Ganz anders dagegen die Zeit General Primo de Riveras, der offenkundig aus den Fehlern der Restauration gelernt hatte und ganz bewusst um die Integration zumindest eines Teils der organisierten Arbeiterbewegung bemüht war. Das Instrument dazu waren die als berufsständische Vermittlungsorgane geschaffenen Comités Paritarios, die in der Praxis zu Verhandlungsforen ganzer Branchen avancierten. Den deutlichsten Schritt in Richtung des societal corporatism findet Nowak indes in der Zweiten Republik, die den Korporatismus unter sozialistischem Einfluss in ein „Vehikel der wirtschaftlichen Demokratisierung“ (S. 309) zu verwandeln versuchte. Unter dem neuen Namen der Jurados Mixtos wurden korporative Organe nun auf alle Landesteile und Gewerbebereiche, insbesondere auch die Landwirtschaft, ausgedehnt. Und zumindest bis zum Oktoberaufstand von 1934 bescheinigt die Autorin diesem Instrument des Interessenausgleichs eine durchaus positive Rolle. Und dennoch blieb das System aufgrund vielfältiger organisatorischer Mängel auf Seiten der Interessenverbände häufig auf den Pragmatismus konkreter Akteure angewiesen.

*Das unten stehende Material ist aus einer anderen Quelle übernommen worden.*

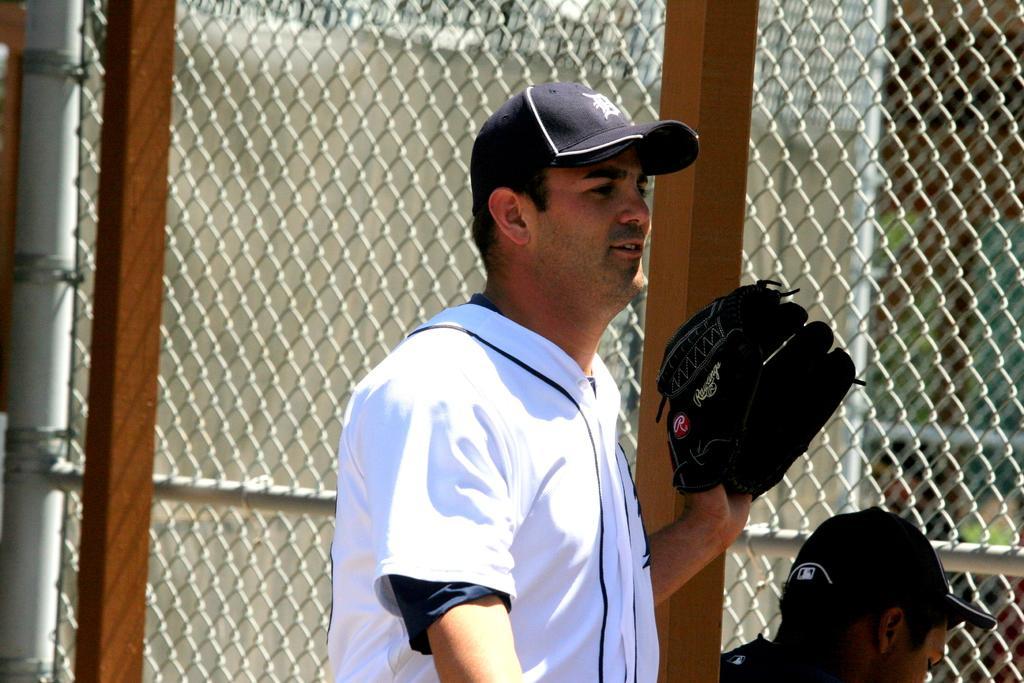Could you give a brief overview of what you see in this image? In this picture we can see a man in the white t shirt with a black cap and behind the man there is another man, fence, pole, wall and other things. 
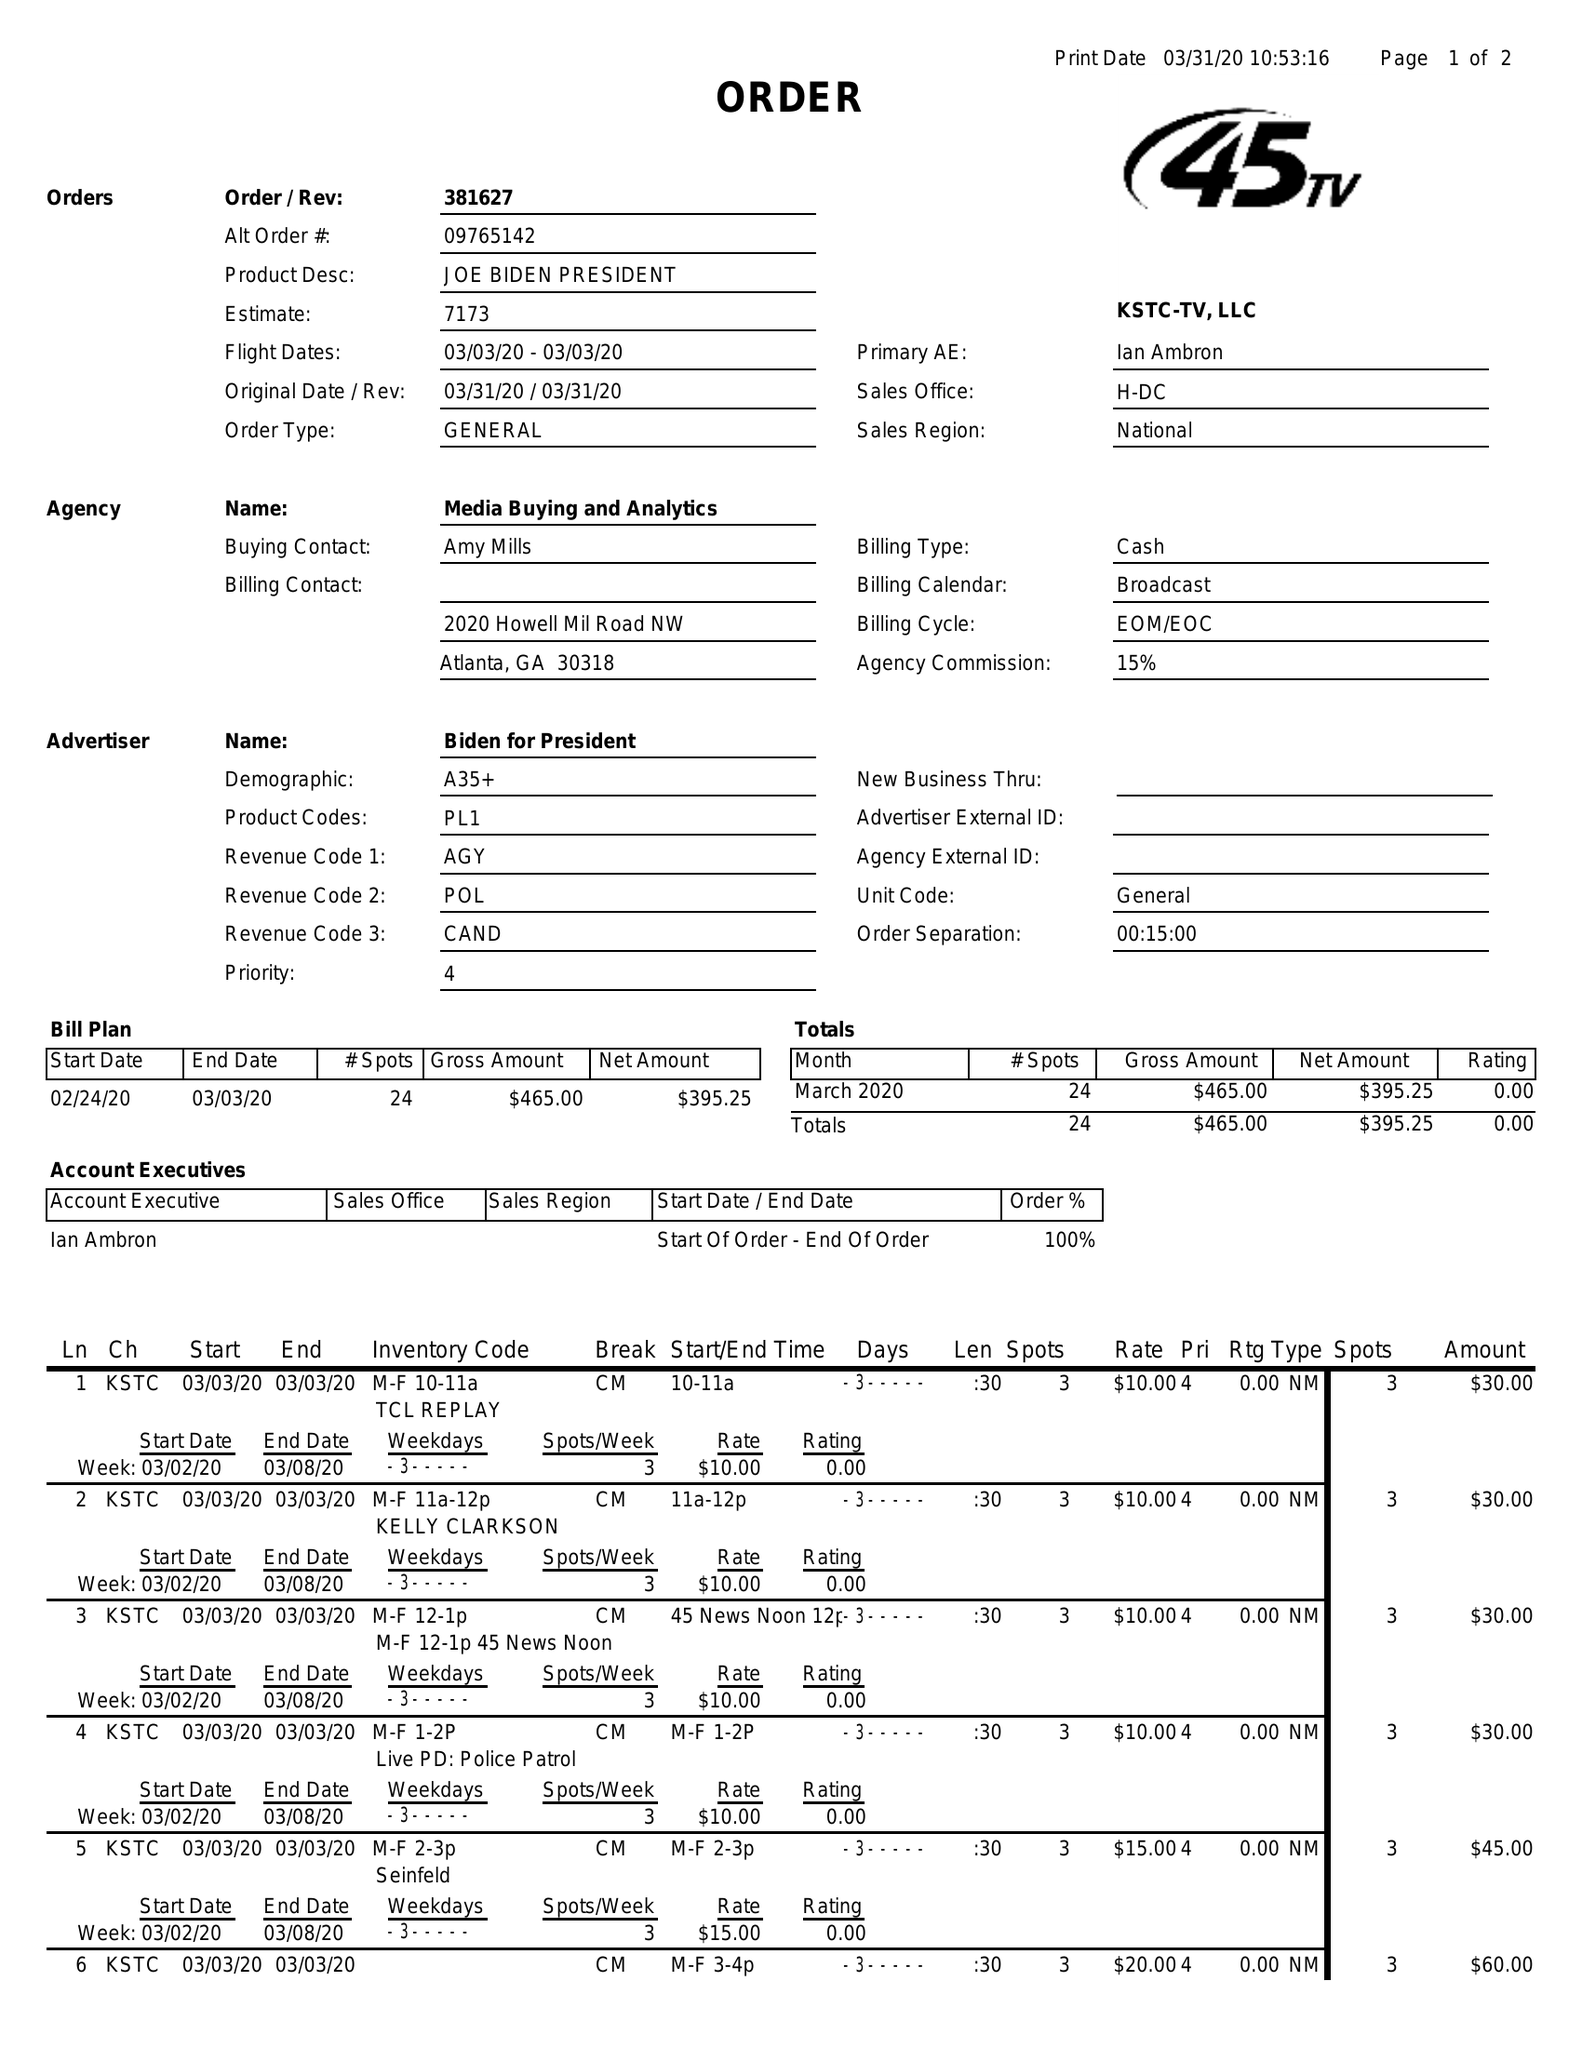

Nach Maßgabe des societal corporatism diagnostiziert Nowak für den gesamten Untersuchungszeitraum in Ideologie und Praxis diffuse Mischformen korporatistischer Konzepte. Im Korporatismus kreuzten sich ständestaatlich-faschistoide und sozialistisch-progressive Vorstellungen mit den pragmatischen Regulierungsabsichten des Staates, ohne jedoch letztlich zu einem gemeinsamen Konzept zu gelangen. Überwog während der Diktatur ein paternalistisches Modell der Harmonisierung von Klassengegensätzen, so stand die Republik zumindest in den ersten beiden Jahren ihres Bestehens klar auf Seiten der Arbeiterschaft. An den korporativen Experimenten entlang zieht sich zugleich aber auch die Bruchlinie der fundamentalen Interessengegensätze, denn mit jedem Zugeständnis gegenüber der Arbeiterschaft provozierte der Staat als Vermittler die Distanzierung der Unternehmer, und dies bereits lange vor der republikanischen Phase. Darüber hinaus litt der Erfolg der korporativen Organe an der Spaltung der spanischen Arbeiterbewegung. So war es die sozialistische Gewerkschaft, die schon unter der Diktatur Primo de Riveras die korporative Interessenvertretung der Arbeiter monopolisieren konnte. Und während der Republik sollte angesichts sozialistischer Regierungsbeteiligung ihre Position noch weiter gestärkt werden. Dagegen blieb das quantitativ mindestens ebenso bedeutende Lager der Anarchosyndikalisten im sozialpolitischen Abseits, weshalb die Wirksamkeit von Comités und Jurados immer auch von dem regionalen bzw. lokalen Kräfteverhältnis der Gewerkschaften abhing. Mit Blick auf den Juli 1936 ist schließlich aber zu betonen, dass sich die Tätigkeit der korporativen Organe in der Regel nur auf lohnpolitische und arbeitsrechtliche Streitfragen bezog, während die grundsätzlichen Interessengegensätze der Zeit ungeschmälert fortbestanden, und jenseits aller sozialpolitischen Einhegungsversuche sich die Spirale der gesellschaftlichen Konfrontation in Richtung gewaltsamer Konfliktlösung weiterdrehte.

Anmerkung:
[1] Vgl. Schmitter, Philippe, Still the century of Corporatism?, in: Review of Politics 36 (1974), S. 85-131.